I'm reading a book which expose how to compute a square root using the digit recurrence algorithm. Following the book basically it expose a simple case with each step necessary to compute such square root and then it get the recurrence:
if we have: $z = z_{1}z_{0}.z_{-1} ... z_{-l}$ we want a square root $q = 1.q_{-1}q_{-2}...q_{-l}$ with reminder $s_1 s_0 . s_{-1} ... s_{-l}$
$$s^{(j)} = 2s^{(j-1)} - q_{-j} (2q^{(-j)} + 2^{-j}q_{-j})$$ with $s^{(0)} = z - 1, q^{(0)} = 1, s^{l} = s$
If you try to derive the recurrence for a division $x/y = z$ we basically look at some $z$ such that $x = z*y + s$ ($s$ is the reminder) if we expand $y$ with it's binary representation we can easily get the recurrence.

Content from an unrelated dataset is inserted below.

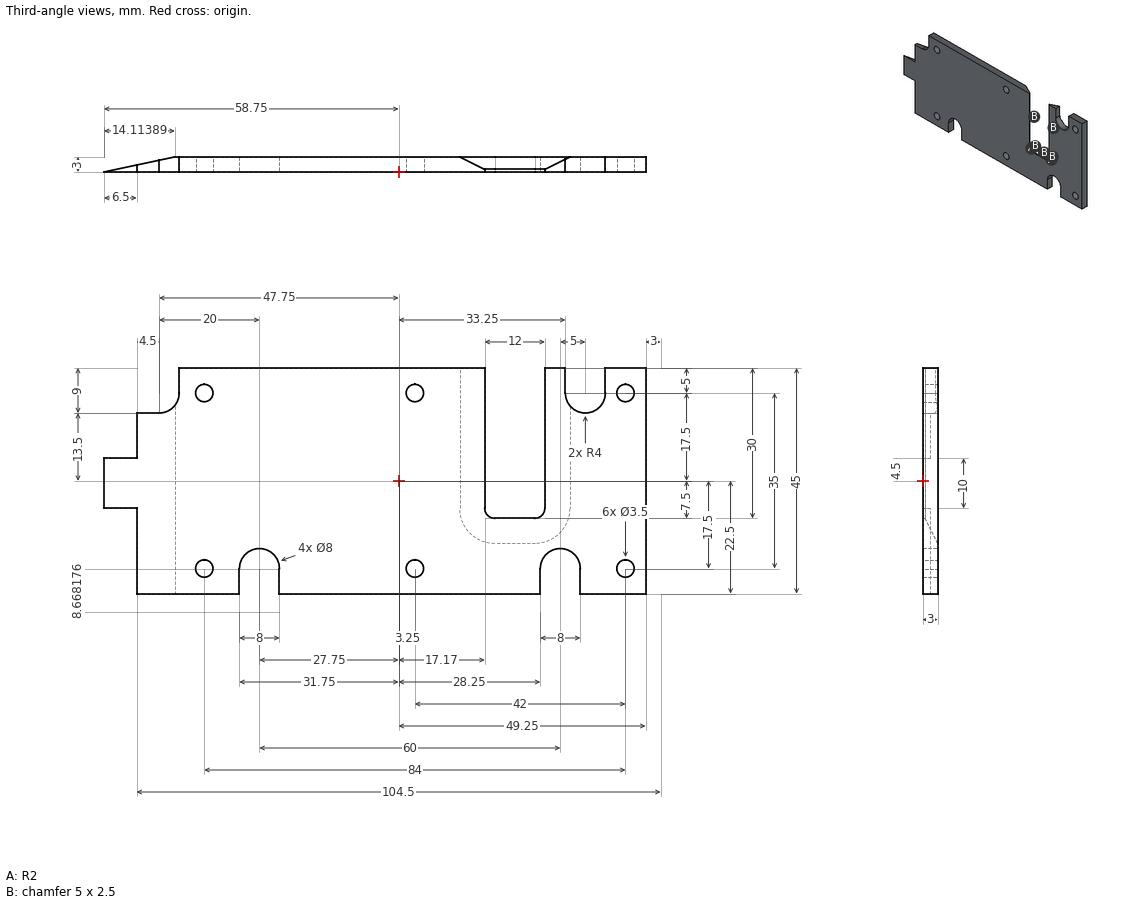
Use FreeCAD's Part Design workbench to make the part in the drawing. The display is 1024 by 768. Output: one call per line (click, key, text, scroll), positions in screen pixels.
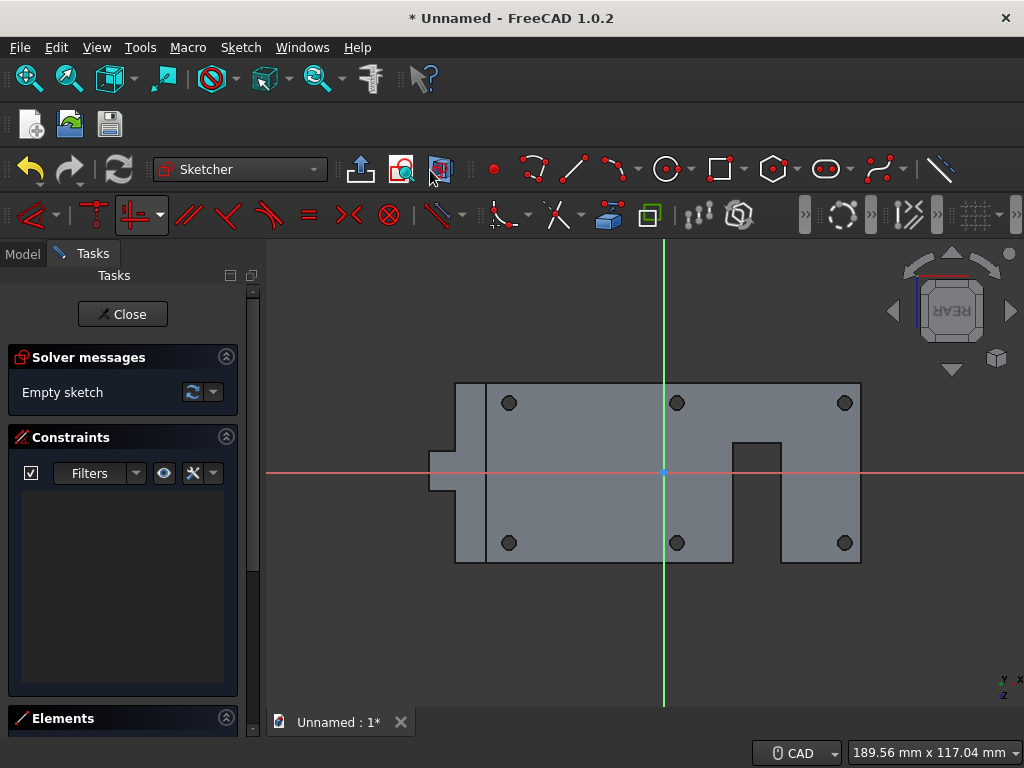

So basically the approach we use to derive the division recurrence isn't related to a specific example in the derivation, while in the case of the square root the book i'm reading starts with a specific case and then say "with this computation we can easily say that the recurrence is...".
So my question is... could be it possible to derive the recurrence in a similar way as the division? (i mean derive the recurrence from a general case). if yes what should be the rationale?